The same evening, a team of three policemen took Jeevan along and left in a car to nab Hemraj from his village. They travelled the whole night to enter Nepal from Nepalganj via Bareilly, Lahimpur Khiri and Nanpara by morning, pasting hundreds of pictures of Hemraj along the way that described him as a wanted killer. One of the policemen who made this journey told me that the Talwars had offered Rs 15,000 for the trip to Nepal to nab Hemraj, though he was not sure if his senior colleague took the money. The police were under pressure to catch Hemraj.
The police stopped and checked every bus entering Nepal from India. All this while, Jeevan sat handcuffed and chained. Once they reached the village, he was asked to direct them to Hemraj’s family, just as they had made him point out his associates in Delhi (such as Hemraj’s brother-in-law Rudralal, who lives and works in Bhajanpura). Jeevan was held and questioned for days.
By late afternoon, Jeevan could see that the three policemen had something hot to discuss. What it was, he had no clue, but they abandoned their search for Hemraj and decided to return to Noida. They did not tell him that Hemraj’s body had been recovered at the Talwar residence.
They reached Noida the next day, and Jeevan, who was dumped at a police station in Sector 20, was still not allowed to contact anyone.

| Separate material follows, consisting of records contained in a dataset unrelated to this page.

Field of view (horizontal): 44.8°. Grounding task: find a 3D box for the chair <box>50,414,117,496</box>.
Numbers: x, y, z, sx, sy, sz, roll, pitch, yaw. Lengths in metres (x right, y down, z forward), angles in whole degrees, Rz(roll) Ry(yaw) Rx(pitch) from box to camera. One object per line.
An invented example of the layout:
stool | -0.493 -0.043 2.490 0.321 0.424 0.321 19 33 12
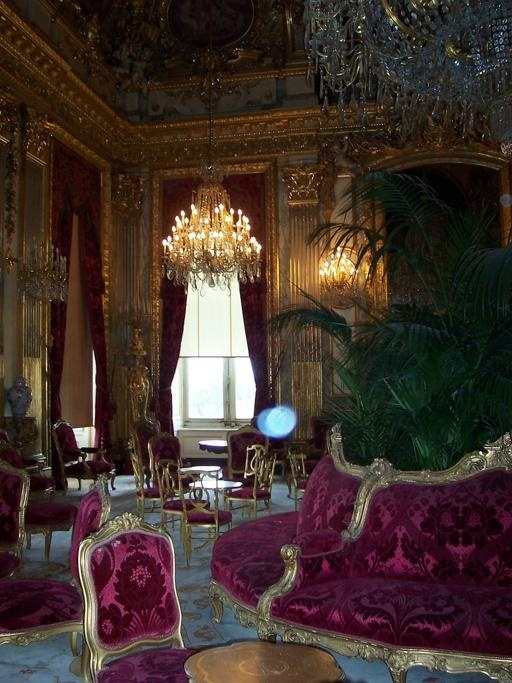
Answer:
chair | -2.044 1.374 7.436 0.628 0.848 0.587 -1 -4 16

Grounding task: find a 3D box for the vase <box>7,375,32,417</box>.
vase | -2.535 0.602 6.681 0.245 0.421 0.209 0 -5 -22

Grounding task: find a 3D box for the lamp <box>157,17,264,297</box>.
lamp | -0.557 -2.419 7.409 1.101 3.852 2.107 -1 -5 -5

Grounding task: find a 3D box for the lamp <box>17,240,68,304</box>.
lamp | -2.157 -0.769 6.237 0.469 0.700 0.487 -9 -5 33
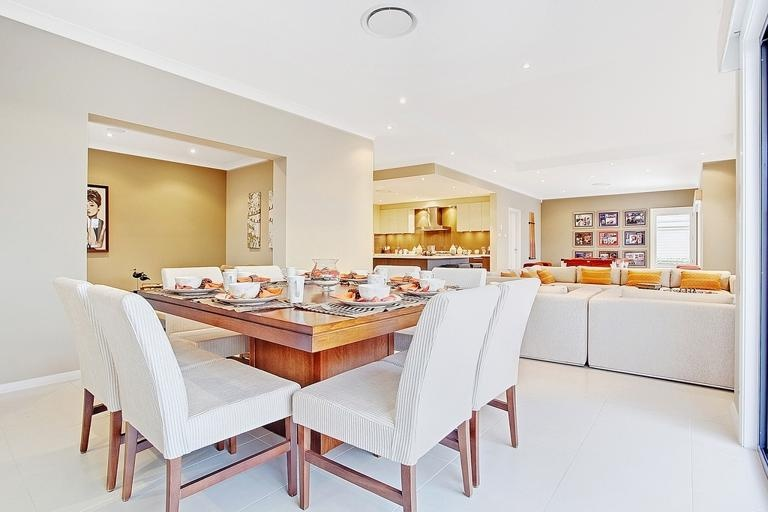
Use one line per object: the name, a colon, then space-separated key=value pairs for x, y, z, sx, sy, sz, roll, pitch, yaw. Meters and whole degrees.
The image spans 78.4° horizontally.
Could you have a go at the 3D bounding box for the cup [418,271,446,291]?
cup: x=0.374 y=0.208 z=3.762 sx=0.177 sy=0.077 sz=0.161 roll=-1 pitch=3 yaw=-41

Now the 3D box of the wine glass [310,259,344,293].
wine glass: x=-0.521 y=0.175 z=4.253 sx=0.286 sy=0.322 sz=0.275 roll=2 pitch=-2 yaw=-12

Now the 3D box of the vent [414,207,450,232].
vent: x=1.343 y=-1.024 z=13.244 sx=1.077 sy=0.740 sz=0.589 roll=3 pitch=4 yaw=40

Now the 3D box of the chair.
chair: x=-0.439 y=0.823 z=3.360 sx=2.609 sy=1.297 sz=1.633 roll=-1 pitch=0 yaw=25

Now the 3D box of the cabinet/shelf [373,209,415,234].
cabinet/shelf: x=0.321 y=-0.978 z=13.362 sx=1.076 sy=0.672 sz=0.345 roll=-1 pitch=-5 yaw=37

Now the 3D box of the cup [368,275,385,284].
cup: x=-0.056 y=0.186 z=3.681 sx=0.088 sy=0.064 sz=0.069 roll=1 pitch=-2 yaw=-1

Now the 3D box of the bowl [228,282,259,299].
bowl: x=-0.984 y=0.243 z=3.327 sx=0.138 sy=0.086 sz=0.131 roll=3 pitch=-4 yaw=0

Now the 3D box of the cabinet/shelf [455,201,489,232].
cabinet/shelf: x=2.296 y=-1.017 z=12.065 sx=0.263 sy=0.683 sz=0.803 roll=2 pitch=-2 yaw=-43

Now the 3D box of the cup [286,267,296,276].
cup: x=-0.774 y=0.131 z=3.923 sx=0.067 sy=0.065 sz=0.086 roll=-1 pitch=-5 yaw=1
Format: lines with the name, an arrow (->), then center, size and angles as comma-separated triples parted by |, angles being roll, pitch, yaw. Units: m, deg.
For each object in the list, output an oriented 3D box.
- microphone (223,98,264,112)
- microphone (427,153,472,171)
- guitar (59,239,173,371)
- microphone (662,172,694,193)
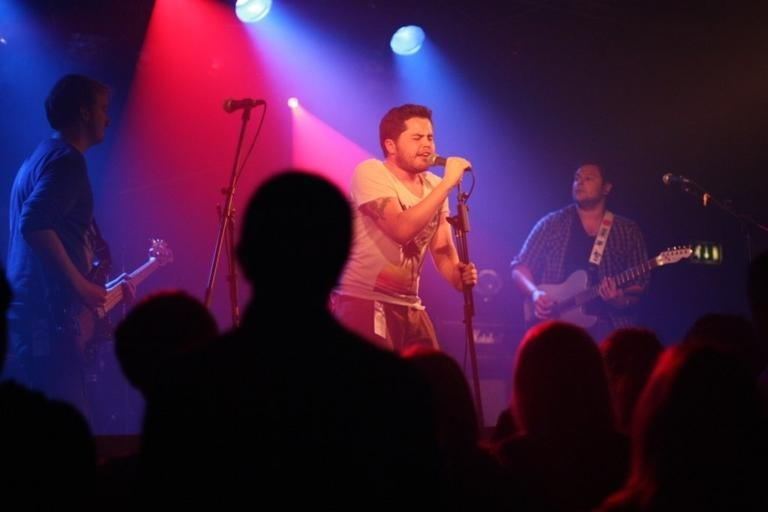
microphone -> -1.158, -1.254, 5.049 | 0.292, 0.121, 0.513 | -1, 12, -14
microphone -> 0.477, -0.722, 4.610 | 0.445, 0.139, 0.128 | 9, 12, 39
guitar -> -2.155, 0.303, 5.003 | 0.357, 0.366, 1.182 | 19, 30, 14
microphone -> 3.204, -0.813, 6.641 | 0.324, 0.210, 0.132 | 23, -14, 24
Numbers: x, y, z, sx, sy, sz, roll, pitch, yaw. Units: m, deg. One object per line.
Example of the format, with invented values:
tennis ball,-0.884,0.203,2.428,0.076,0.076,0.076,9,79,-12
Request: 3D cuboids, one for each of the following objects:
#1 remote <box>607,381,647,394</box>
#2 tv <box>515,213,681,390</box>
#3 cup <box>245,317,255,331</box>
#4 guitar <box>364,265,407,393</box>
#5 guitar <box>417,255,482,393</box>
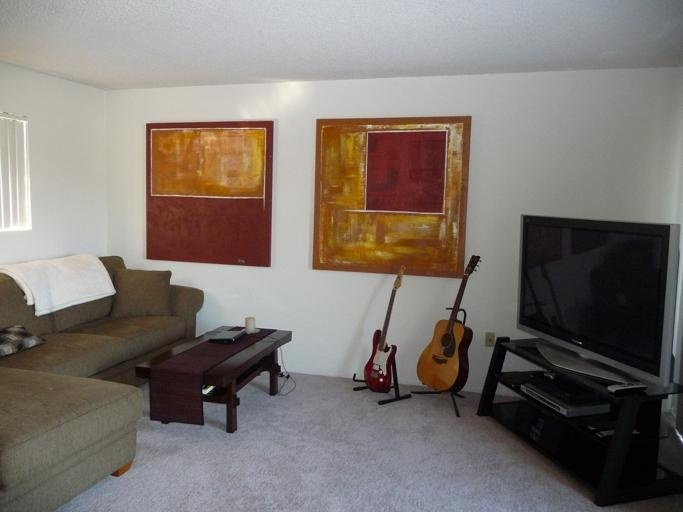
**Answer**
remote,1.778,0.830,3.226,0.113,0.027,0.106,1,2,-17
tv,1.763,0.334,3.540,0.139,0.904,1.295,-3,9,-34
cup,-0.795,0.601,4.565,0.107,0.109,0.095,1,2,-39
guitar,0.378,0.659,4.541,0.284,1.102,0.526,2,13,7
guitar,0.864,0.573,4.250,0.426,1.122,0.374,3,14,10
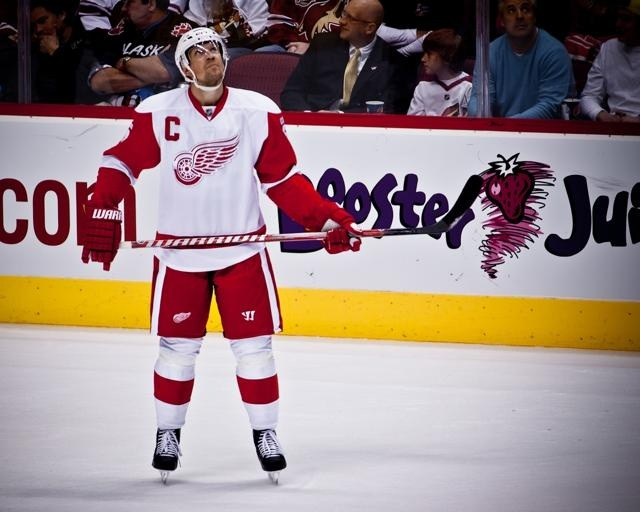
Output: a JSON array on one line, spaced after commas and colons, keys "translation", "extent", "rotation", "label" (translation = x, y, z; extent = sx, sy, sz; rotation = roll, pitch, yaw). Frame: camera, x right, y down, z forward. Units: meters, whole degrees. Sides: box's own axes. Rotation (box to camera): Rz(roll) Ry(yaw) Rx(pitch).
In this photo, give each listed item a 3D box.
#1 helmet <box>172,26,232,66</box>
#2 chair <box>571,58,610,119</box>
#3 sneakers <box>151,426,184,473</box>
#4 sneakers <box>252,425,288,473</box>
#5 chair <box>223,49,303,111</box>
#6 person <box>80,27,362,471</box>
[{"translation": [-0.595, -1.020, 4.959], "extent": [0.197, 0.223, 0.233], "rotation": [-6, -26, -30], "label": "helmet"}, {"translation": [1.721, -1.068, 6.516], "extent": [0.266, 0.338, 0.125], "rotation": [1, 11, 10], "label": "chair"}, {"translation": [-0.722, 0.910, 4.756], "extent": [0.108, 0.182, 0.198], "rotation": [3, 4, -4], "label": "sneakers"}, {"translation": [-0.246, 0.903, 4.745], "extent": [0.087, 0.106, 0.274], "rotation": [-9, 25, -15], "label": "sneakers"}, {"translation": [-0.376, -1.149, 6.592], "extent": [0.358, 0.452, 0.385], "rotation": [1, 28, -1], "label": "chair"}, {"translation": [-0.511, -0.036, 4.827], "extent": [1.252, 2.082, 0.458], "rotation": [4, 3, 0], "label": "person"}]
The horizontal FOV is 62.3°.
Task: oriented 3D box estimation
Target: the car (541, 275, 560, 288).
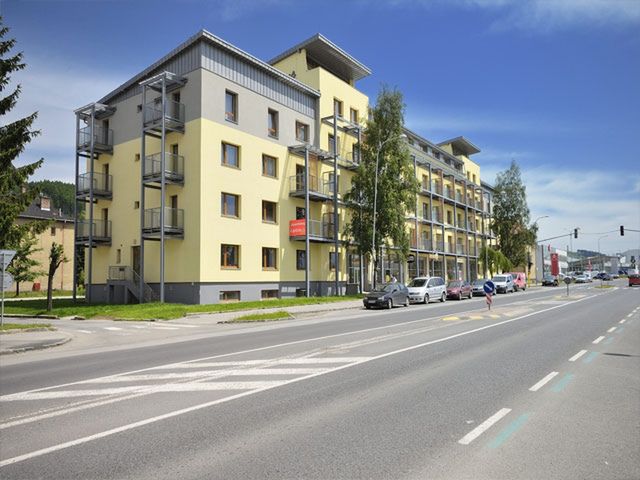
[{"bbox_3d":[29.193,5.194,66.888,1.241,1.202,2.268,-7,-14,34],"label":"car"}]
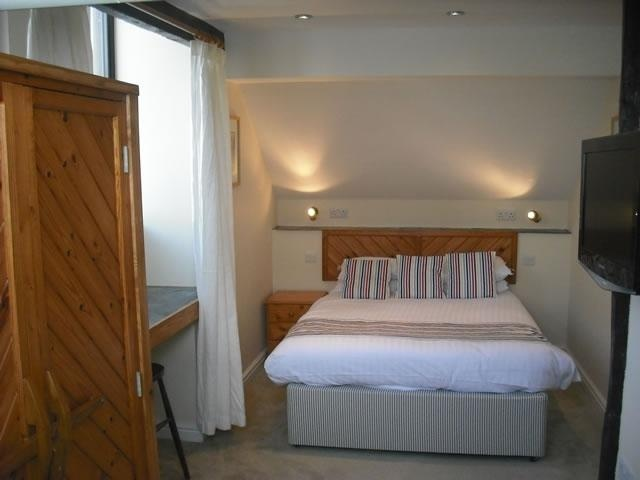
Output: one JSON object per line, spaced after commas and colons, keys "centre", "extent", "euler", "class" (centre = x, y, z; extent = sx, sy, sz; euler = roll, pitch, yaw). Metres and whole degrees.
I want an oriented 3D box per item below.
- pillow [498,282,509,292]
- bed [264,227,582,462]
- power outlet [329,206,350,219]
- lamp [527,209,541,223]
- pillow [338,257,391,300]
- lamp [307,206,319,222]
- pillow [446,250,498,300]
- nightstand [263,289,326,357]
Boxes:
{"centre": [1.773, 0.456, 4.983], "extent": [0.081, 0.034, 0.110], "euler": [5, 18, 16], "class": "pillow"}
{"centre": [0.775, 0.807, 4.285], "extent": [2.145, 1.008, 1.799], "euler": [0, 12, 8], "class": "bed"}
{"centre": [0.208, -0.290, 5.612], "extent": [0.211, 0.116, 0.043], "euler": [-2, 11, -2], "class": "power outlet"}
{"centre": [2.182, -0.235, 5.226], "extent": [0.130, 0.129, 0.103], "euler": [4, 13, 22], "class": "lamp"}
{"centre": [0.467, 0.391, 5.046], "extent": [0.384, 0.389, 0.108], "euler": [0, -14, 2], "class": "pillow"}
{"centre": [-0.078, -0.286, 5.611], "extent": [0.107, 0.151, 0.140], "euler": [-4, 19, -2], "class": "lamp"}
{"centre": [1.416, 0.334, 4.834], "extent": [0.424, 0.430, 0.104], "euler": [-3, -22, 8], "class": "pillow"}
{"centre": [-0.290, 0.803, 5.226], "extent": [0.551, 0.561, 0.572], "euler": [-1, 5, 0], "class": "nightstand"}
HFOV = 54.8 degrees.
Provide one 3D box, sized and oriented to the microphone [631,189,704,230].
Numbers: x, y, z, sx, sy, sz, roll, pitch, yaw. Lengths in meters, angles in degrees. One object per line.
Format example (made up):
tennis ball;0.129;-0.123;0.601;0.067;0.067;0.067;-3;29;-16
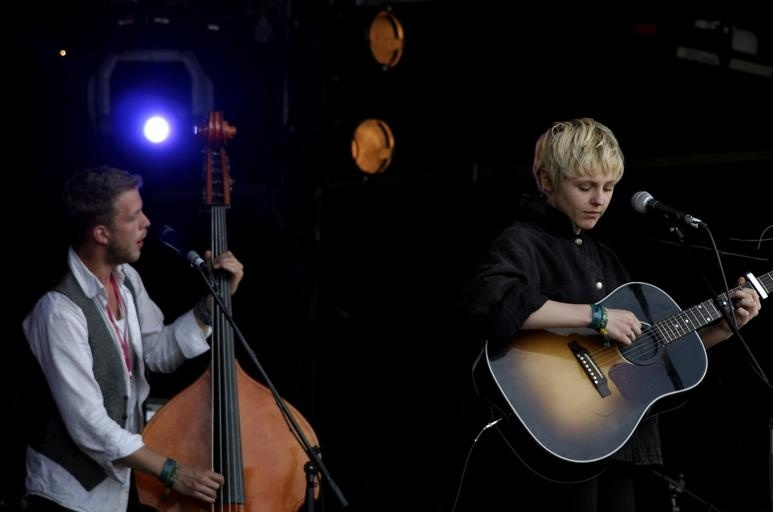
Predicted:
microphone;1.653;-0.271;4.318;0.386;0.236;0.256;-3;-3;38

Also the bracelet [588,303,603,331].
bracelet;1.213;0.344;4.252;0.084;0.113;0.121;-4;-24;21

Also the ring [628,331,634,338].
ring;1.419;0.456;4.318;0.026;0.011;0.036;9;-46;-5

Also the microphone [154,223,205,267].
microphone;-1.126;-0.050;4.074;0.213;0.230;0.318;0;-3;-29

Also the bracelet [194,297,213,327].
bracelet;-1.111;0.340;4.530;0.131;0.191;0.069;-1;-3;-3

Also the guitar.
guitar;1.385;0.633;4.469;1.827;0.784;0.259;-31;-8;-19

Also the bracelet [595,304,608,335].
bracelet;1.235;0.365;4.259;0.067;0.142;0.112;-4;19;14
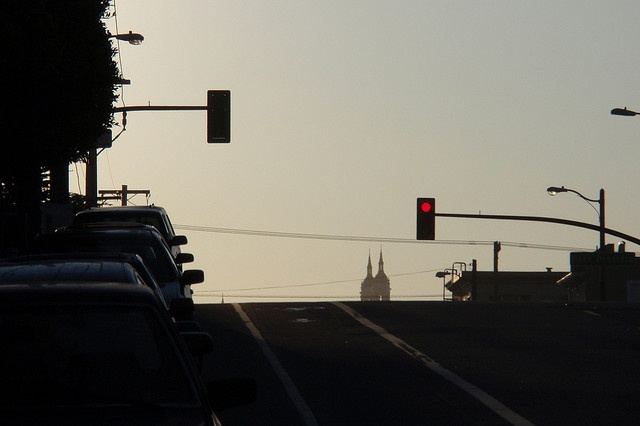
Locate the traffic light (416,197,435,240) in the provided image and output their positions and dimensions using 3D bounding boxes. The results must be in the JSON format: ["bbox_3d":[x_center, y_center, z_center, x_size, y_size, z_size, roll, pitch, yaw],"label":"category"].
[{"bbox_3d":[4.208,0.267,38.126,0.676,1.629,0.731,0,1,0],"label":"traffic light"}]

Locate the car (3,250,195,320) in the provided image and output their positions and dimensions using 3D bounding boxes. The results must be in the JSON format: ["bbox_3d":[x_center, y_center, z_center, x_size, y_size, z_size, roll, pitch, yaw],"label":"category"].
[{"bbox_3d":[-2.530,0.815,10.619,1.303,1.038,2.241,0,-9,-2],"label":"car"}]

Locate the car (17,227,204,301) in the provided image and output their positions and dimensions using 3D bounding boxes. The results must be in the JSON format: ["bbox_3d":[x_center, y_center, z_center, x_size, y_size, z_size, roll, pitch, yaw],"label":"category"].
[{"bbox_3d":[-3.121,0.625,16.187,1.778,1.483,2.969,-1,-9,-1],"label":"car"}]
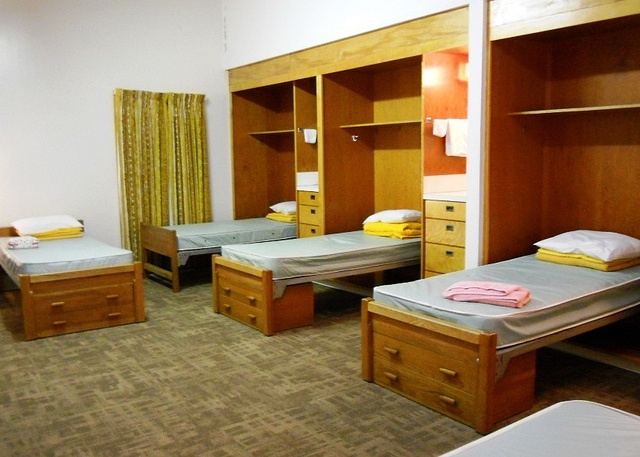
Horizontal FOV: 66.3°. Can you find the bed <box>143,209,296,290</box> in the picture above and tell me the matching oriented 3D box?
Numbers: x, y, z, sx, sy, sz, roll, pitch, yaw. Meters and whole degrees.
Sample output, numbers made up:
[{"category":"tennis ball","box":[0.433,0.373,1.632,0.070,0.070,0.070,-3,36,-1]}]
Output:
[{"category":"bed","box":[-1.226,0.224,6.364,1.623,0.512,0.924,-5,9,-35]}]

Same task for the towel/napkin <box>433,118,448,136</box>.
[{"category":"towel/napkin","box":[1.166,-0.977,4.729,0.177,0.153,0.061,0,6,-23]}]

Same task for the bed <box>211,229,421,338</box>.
[{"category":"bed","box":[-0.044,0.437,4.939,1.846,0.576,0.937,-5,8,-36]}]

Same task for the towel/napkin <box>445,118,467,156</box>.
[{"category":"towel/napkin","box":[1.325,-0.894,4.827,0.363,0.318,0.112,0,3,-30]}]

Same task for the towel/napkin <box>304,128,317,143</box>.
[{"category":"towel/napkin","box":[-0.113,-1.144,6.026,0.168,0.170,0.108,-1,15,3]}]
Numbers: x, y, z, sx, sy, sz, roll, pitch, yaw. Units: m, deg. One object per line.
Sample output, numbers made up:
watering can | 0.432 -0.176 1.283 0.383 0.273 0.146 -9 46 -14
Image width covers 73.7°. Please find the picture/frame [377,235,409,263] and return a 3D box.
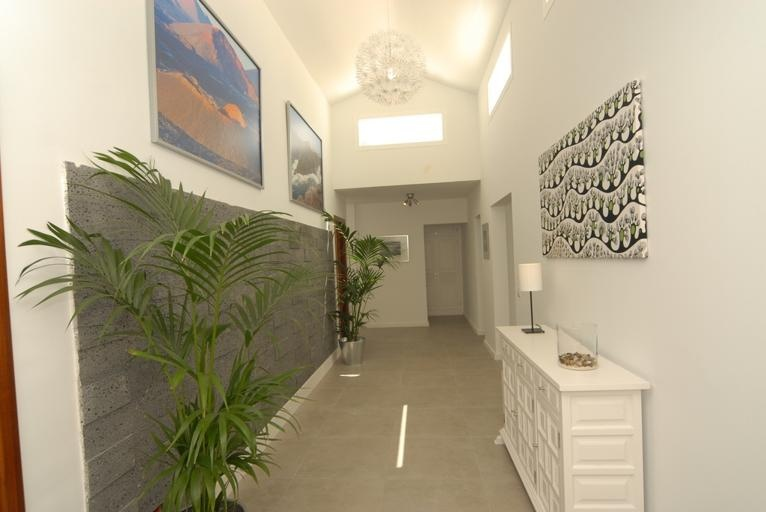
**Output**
picture/frame | 0.187 -0.105 8.662 0.468 0.532 0.035 0 -1 12

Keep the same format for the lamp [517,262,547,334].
lamp | 1.285 0.365 4.436 0.210 0.623 0.658 0 6 16
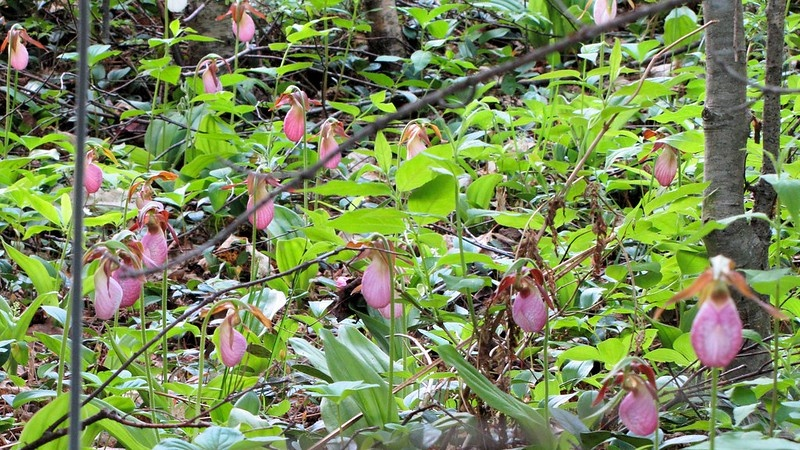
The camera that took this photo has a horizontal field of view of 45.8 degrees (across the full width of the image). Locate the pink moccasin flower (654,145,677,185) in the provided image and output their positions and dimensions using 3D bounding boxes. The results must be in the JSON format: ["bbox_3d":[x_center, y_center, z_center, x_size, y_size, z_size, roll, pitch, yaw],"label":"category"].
[{"bbox_3d":[1.760,-0.396,6.268,0.169,0.249,0.059,14,12,8],"label":"pink moccasin flower"}]
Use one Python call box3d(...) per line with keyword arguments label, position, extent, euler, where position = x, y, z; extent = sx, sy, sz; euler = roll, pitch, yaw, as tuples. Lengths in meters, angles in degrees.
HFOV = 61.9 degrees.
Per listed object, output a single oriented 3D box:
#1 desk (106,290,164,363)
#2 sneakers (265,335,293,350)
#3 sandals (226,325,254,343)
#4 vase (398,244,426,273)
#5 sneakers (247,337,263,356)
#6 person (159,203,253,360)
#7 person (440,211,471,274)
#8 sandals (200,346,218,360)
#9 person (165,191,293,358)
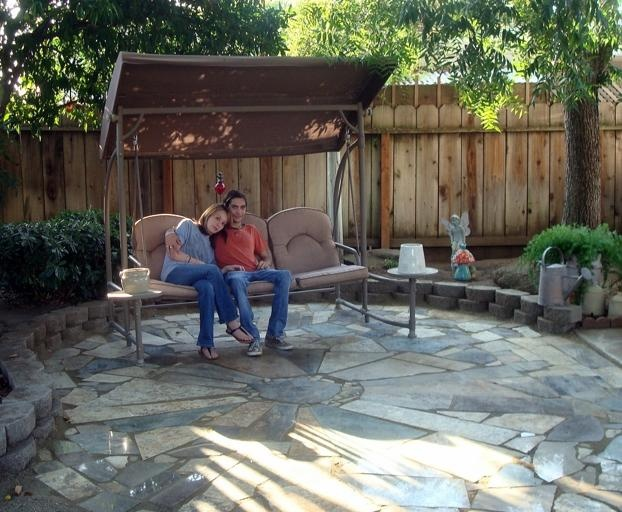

At the police station, Jeevan met a local reporter who informed him that Hemraj was murdered the same night as Aarushi. Desperate to join his family, Jeevan created a ruckus. Why was he being held? Why was the police not going after the real killer? Why was the police trying to pin Aarushi’s murder on a Nepali? He was not released. Instead, he was ferried from one police station to another over the following week.
Finally, the police sent a message to Samir Singh to have Jeevan picked up—after nine days of detention without any evidence against him. That this was illegal was entirely ignored by the media. But when Rajesh Talwar was arrested on 23 May, the media went berserk. No one had a thought to spare for Jeevan and the rest of Hemraj’s family.
A police officer who was involved in the operation confirms that the police had believed the Talwars when they pointed a finger at Hemraj as Aarushi’s murderer. That the parents could be suspects just did not strike the cops. Set off on a false trail, the CBI team had interrogated Jeevan and Hemraj’s other friends. In all, the Talwars had it easy—until the evidence began piling up against them.
The ‘guilty’ judgment against the Talwars has come as a relief to Hemraj’s family. “Now I can concentrate on working to improve our lives,” says Khum Kala. She has made up her mind on one aspect of this, though. “I will never send Prajwal to work in India.”